Python REST API Client Adhering to a Swagger Schema

Posted on Sat 11 February 2017 in REST • 3 min read

After building a REST API I left it alone for a while before coming back to try and get a client working properly.

Similar goals here to back then - find a good library to use going forwards that does the heavy lifting and make a simple example project. I chose a simple microservice that provides an API for decks of playing cards - like a casino dealer type of thing - which would be a client of the datastore I created in the link above.

Choosing a Client Package

The standard seems to be to generate code to meet a schema, but I’d rather load it dynamically into an app if possible.

After a bit of looking I found Bravado which looked promising. However, it was a pain to install - it relies on the twisted package and that doesn’t seem to install on Windows through pip successfully, so after some failed attempts to get it to work I gave up. I figure it’s not worth using if it’s going to be a pain for others to install - shame :(.

Next up was pyswagger - it seems to provide all the functionality and be well maintained (commits in the past few days when I wrote this). The API doesn’t look as polished to me when compared to bravado above, but it worked fine in practice.

On the testing point - pyswagger uses requests for HTTP requests, so we can easily test using the responses library to provide mock responses to them.

The First Test

This was painful to get working, but as always trivial to fix in the end.

I needed to load in the schema, and then intercept the requests over the network for each API call. Intercepting the API calls was trivial with responses, but loading in the schema turned out to be less so.

There were two approaches I could see:

  • pyswagger lets you load in a schema from file, so just pass it a file name
  • intercept the request for the schema over the network

However, both failed when I tried:

  • if I loaded in the schema from file, pyswagger would then try and make API requests using the file scheme, which causes it to fall over as that’s not a supported scheme for that part it seems.
  • the request for the schema over the network uses urllib.urlopen rather than requests so I couldn’t easily intercept it with responses and would have to do more mocking of the deep internals of pyswagger, which seemed wrong.

Lots of trial-and-error and reading of the pyswagger source later I found the solution in the tests of the client in pyswagger itself. They were doing exactly what I was trying in the first bullet above - loading in the schema from file then intercepting API requests - so why were their API requests working? It turns out their schema had two entries not added by Flask-RESTPlus - host and schemes.

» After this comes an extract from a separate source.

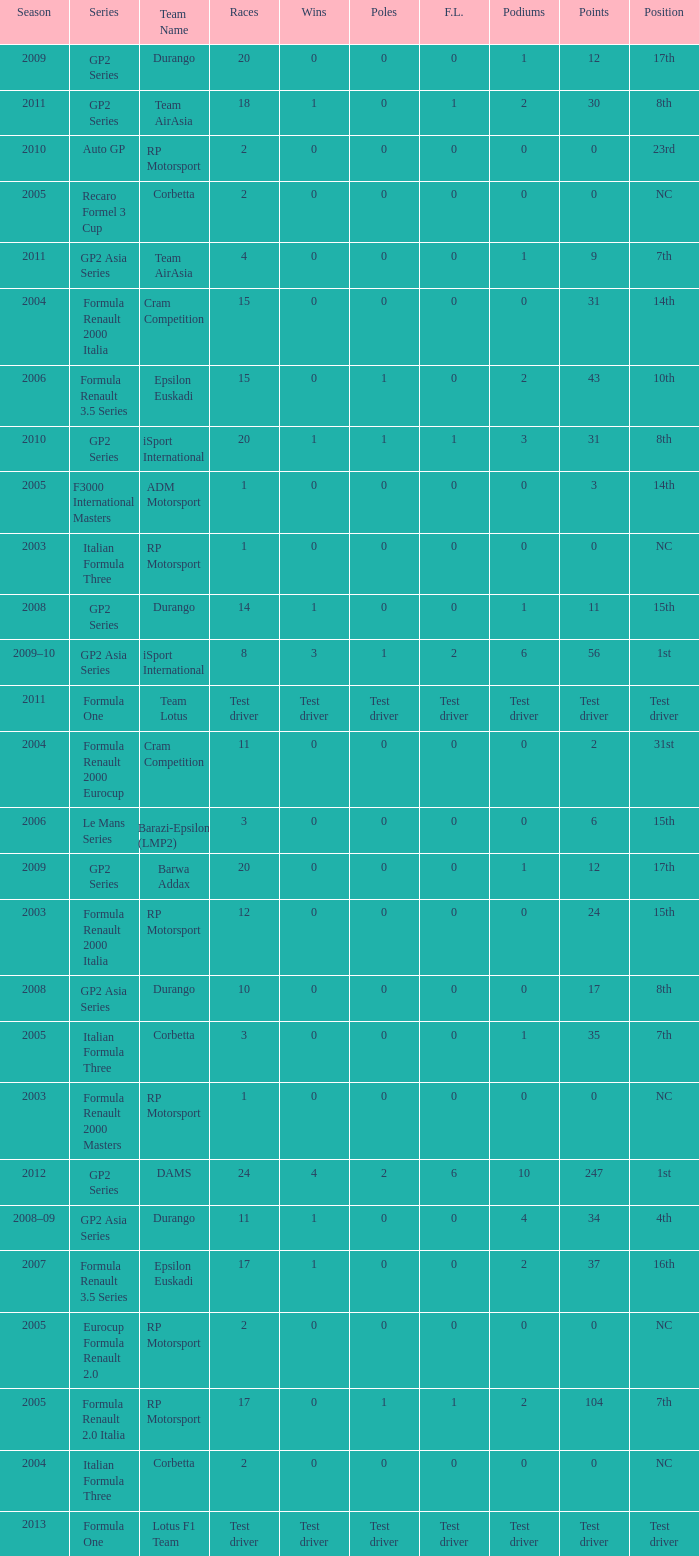What races have gp2 series, 0 F.L. and a 17th position? 20, 20.

So I just needed this in top level of my schema saved in a file for the tests:

{
  "host": "127.0.0.1:5000",
   "schemes":[
      "http"
   ],
   ...
}

With that, pyswagger can load schema from file for tests, and then send API requests over HTTP to that address, and we can use responses to catch those and respond to them.

Phew!

Overall

Once I had wasted far too long trying to get a test working, everything else was straightforward, basically just following the tutorials linked in the pyswagger readme.

When you have loaded in the schema to pyswagger, you just reference API calls by name in the schema, which Flask-RESTPlus auto-generates from the class names you give to resources, and you can rename if you want - details of both of those bits of logic here. pyswagger makes sure you pass in all the right arguments in the right format, so if you have models in the schema you pretty much have to use the API correctly or any attempts will be rejected, which is great for catching bugs early.

Result

Here’s the project - microcarddeck. I didn’t end up implementing much function because I didn’t need to - I got to exercise the pyswagger package and get a feel for how to use it, and got a good simple bit of reference code to crib from in the future.